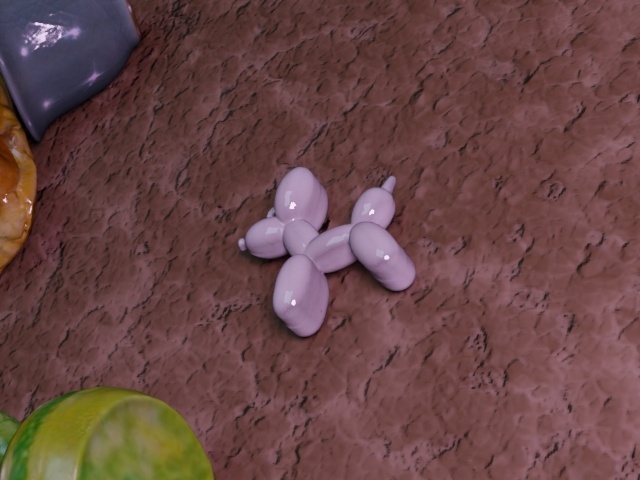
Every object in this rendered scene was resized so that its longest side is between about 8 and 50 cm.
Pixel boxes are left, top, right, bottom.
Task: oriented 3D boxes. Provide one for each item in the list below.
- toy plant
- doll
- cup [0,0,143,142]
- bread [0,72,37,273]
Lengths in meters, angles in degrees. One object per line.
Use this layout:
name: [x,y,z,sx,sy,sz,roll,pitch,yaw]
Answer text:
toy plant: [-0.251,0.230,1.419,0.315,0.184,0.224,-19,65,37]
doll: [0.000,0.000,1.486,0.161,0.059,0.160,-26,45,18]
cup: [-0.270,-0.220,1.796,0.150,0.199,0.199,-22,44,-5]
bread: [-0.400,-0.095,1.790,0.195,0.149,0.344,-40,41,12]
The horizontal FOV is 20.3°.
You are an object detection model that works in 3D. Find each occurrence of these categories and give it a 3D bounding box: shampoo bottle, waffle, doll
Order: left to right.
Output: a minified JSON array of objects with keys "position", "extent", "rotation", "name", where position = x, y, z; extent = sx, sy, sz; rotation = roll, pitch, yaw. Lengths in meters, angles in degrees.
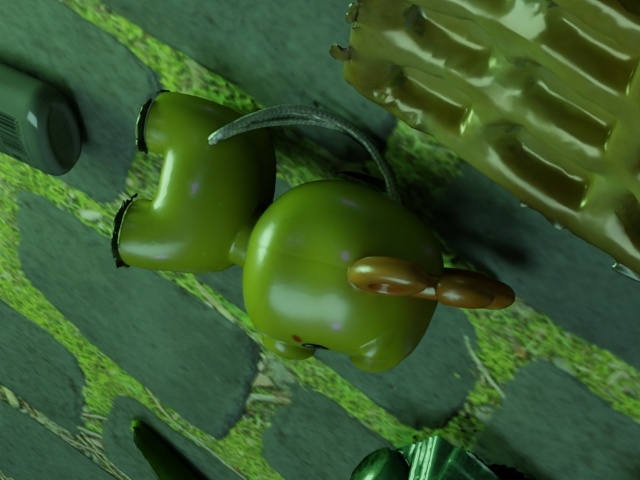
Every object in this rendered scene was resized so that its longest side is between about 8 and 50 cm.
[{"position":[-0.233,-0.098,1.176],"extent":[0.165,0.040,0.080],"rotation":[25,153,24],"name":"shampoo bottle"},{"position":[0.000,0.000,0.983],"extent":[0.221,0.135,0.143],"rotation":[18,-179,23],"name":"doll"},{"position":[0.166,-0.061,0.690],"extent":[0.327,0.098,0.224],"rotation":[33,152,12],"name":"waffle"}]

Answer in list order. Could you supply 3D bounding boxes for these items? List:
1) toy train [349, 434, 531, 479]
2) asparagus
[{"position":[0.133,0.281,1.197],"extent":[0.330,0.178,0.138],"rotation":[40,154,-9],"name":"toy train"},{"position":[-0.115,0.226,1.564],"extent":[0.178,0.041,0.045],"rotation":[48,144,-20],"name":"asparagus"}]
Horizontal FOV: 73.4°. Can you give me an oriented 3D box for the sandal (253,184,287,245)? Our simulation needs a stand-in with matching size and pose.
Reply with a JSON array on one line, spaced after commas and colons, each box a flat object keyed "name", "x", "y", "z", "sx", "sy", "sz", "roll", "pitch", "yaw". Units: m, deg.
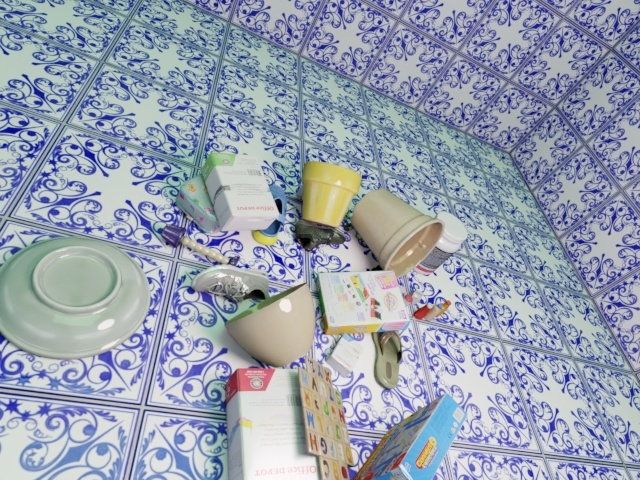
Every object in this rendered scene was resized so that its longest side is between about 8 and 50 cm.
[{"name": "sandal", "x": -0.185, "y": -0.128, "z": 1.754, "sx": 0.126, "sy": 0.138, "sz": 0.317, "roll": 18, "pitch": 42, "yaw": -18}]

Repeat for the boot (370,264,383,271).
[{"name": "boot", "x": 0.281, "y": 0.153, "z": 1.885, "sx": 0.099, "sy": 0.045, "sz": 0.121, "roll": -19, "pitch": 66, "yaw": -51}]

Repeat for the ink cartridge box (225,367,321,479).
[{"name": "ink cartridge box", "x": -0.135, "y": 0.519, "z": 1.177, "sx": 0.226, "sy": 0.131, "sz": 0.306, "roll": 12, "pitch": 47, "yaw": -27}]

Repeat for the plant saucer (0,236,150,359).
[{"name": "plant saucer", "x": -0.678, "y": 0.127, "z": 1.197, "sx": 0.400, "sy": 0.100, "sz": 0.401, "roll": 19, "pitch": 44, "yaw": -19}]

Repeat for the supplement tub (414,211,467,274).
[{"name": "supplement tub", "x": 0.531, "y": 0.015, "z": 2.009, "sx": 0.191, "sy": 0.272, "sz": 0.191, "roll": 19, "pitch": 44, "yaw": -19}]

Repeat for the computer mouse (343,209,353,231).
[{"name": "computer mouse", "x": 0.101, "y": -0.129, "z": 2.014, "sx": 0.106, "sy": 0.042, "sz": 0.193, "roll": -41, "pitch": 76, "yaw": -18}]

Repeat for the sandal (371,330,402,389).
[{"name": "sandal", "x": 0.263, "y": 0.401, "z": 1.599, "sx": 0.120, "sy": 0.086, "sz": 0.303, "roll": 21, "pitch": 43, "yaw": -18}]

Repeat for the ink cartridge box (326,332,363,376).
[{"name": "ink cartridge box", "x": 0.085, "y": 0.400, "z": 1.503, "sx": 0.088, "sy": 0.052, "sz": 0.122, "roll": 38, "pitch": 39, "yaw": 3}]

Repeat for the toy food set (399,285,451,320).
[{"name": "toy food set", "x": 0.437, "y": 0.262, "z": 1.838, "sx": 0.232, "sy": 0.104, "sz": 0.111, "roll": 33, "pitch": 40, "yaw": -4}]

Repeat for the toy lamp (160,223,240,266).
[{"name": "toy lamp", "x": -0.417, "y": 0.025, "z": 1.491, "sx": 0.274, "sy": 0.080, "sz": 0.080, "roll": 27, "pitch": 41, "yaw": -12}]

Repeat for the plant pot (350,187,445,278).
[{"name": "plant pot", "x": 0.304, "y": -0.054, "z": 1.849, "sx": 0.333, "sy": 0.334, "sz": 0.305, "roll": -13, "pitch": 51, "yaw": -42}]

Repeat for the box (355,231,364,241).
# # #
## What the exercise asks
If a line in the entries holds the string "meters", copy it.

## Response
Lengths in meters, angles in degrees. One object per line.
Output: a minified JSON array of objects with keys "position", "extent", "rotation", "name", where position = x, y, z; extent = sx, sy, sz; rotation = roll, pitch, yaw. Lengths in meters, angles in degrees.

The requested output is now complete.